## What you will do
Every line with "listed" in it must be copied from the data.

----

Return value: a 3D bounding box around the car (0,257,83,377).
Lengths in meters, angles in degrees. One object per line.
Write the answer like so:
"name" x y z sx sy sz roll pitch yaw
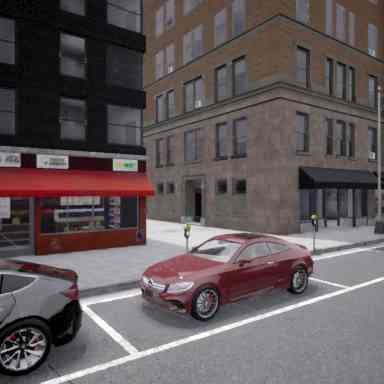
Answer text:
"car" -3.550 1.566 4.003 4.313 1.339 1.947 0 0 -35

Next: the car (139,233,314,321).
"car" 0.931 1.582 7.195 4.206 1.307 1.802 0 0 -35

----

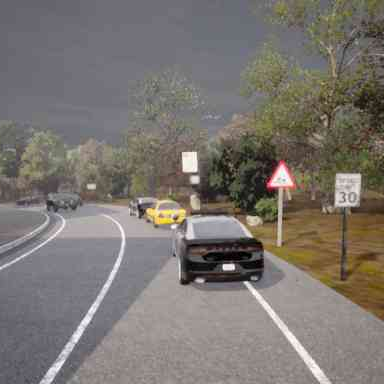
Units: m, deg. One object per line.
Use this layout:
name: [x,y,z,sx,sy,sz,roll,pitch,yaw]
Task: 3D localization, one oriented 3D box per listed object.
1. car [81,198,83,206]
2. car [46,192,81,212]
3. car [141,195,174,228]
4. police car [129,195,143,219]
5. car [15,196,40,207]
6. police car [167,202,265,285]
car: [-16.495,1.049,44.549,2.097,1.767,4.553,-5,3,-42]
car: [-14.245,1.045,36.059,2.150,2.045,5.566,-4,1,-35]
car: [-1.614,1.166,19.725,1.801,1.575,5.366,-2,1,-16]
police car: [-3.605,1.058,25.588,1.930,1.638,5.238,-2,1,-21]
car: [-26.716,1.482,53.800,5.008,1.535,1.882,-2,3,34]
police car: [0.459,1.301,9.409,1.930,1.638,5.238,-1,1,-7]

----

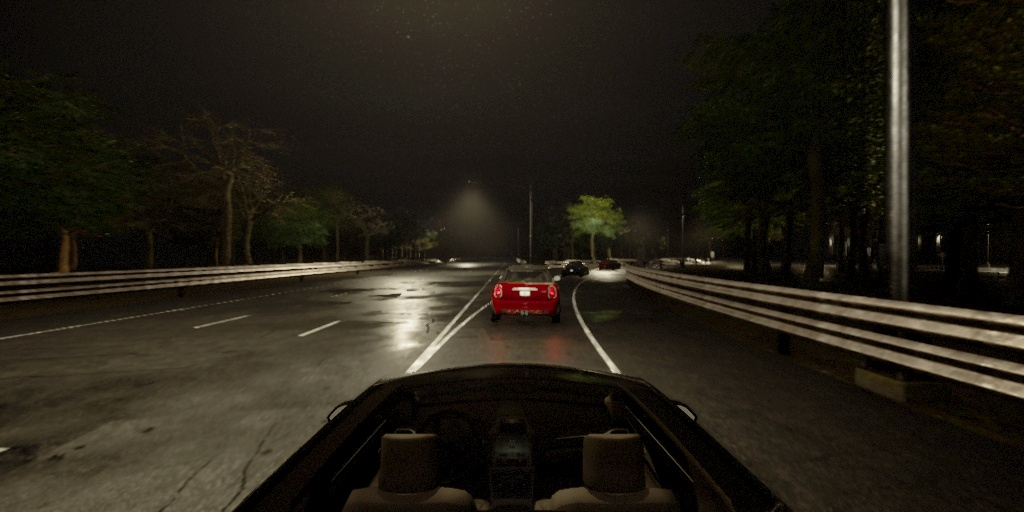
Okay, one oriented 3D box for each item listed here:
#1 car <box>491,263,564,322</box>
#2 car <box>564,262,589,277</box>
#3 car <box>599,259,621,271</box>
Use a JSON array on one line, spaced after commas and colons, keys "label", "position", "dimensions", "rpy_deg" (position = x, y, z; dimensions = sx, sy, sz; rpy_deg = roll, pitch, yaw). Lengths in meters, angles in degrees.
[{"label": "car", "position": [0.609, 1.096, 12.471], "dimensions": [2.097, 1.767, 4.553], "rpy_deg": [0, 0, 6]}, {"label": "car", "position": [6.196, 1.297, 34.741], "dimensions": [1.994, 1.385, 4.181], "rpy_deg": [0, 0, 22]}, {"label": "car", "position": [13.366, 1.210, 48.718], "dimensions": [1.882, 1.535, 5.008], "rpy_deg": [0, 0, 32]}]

----

## Response for this exercise
Task: 3D localization, one oriented 3D box per listed object.
Okay, one oriented 3D box for each item listed here:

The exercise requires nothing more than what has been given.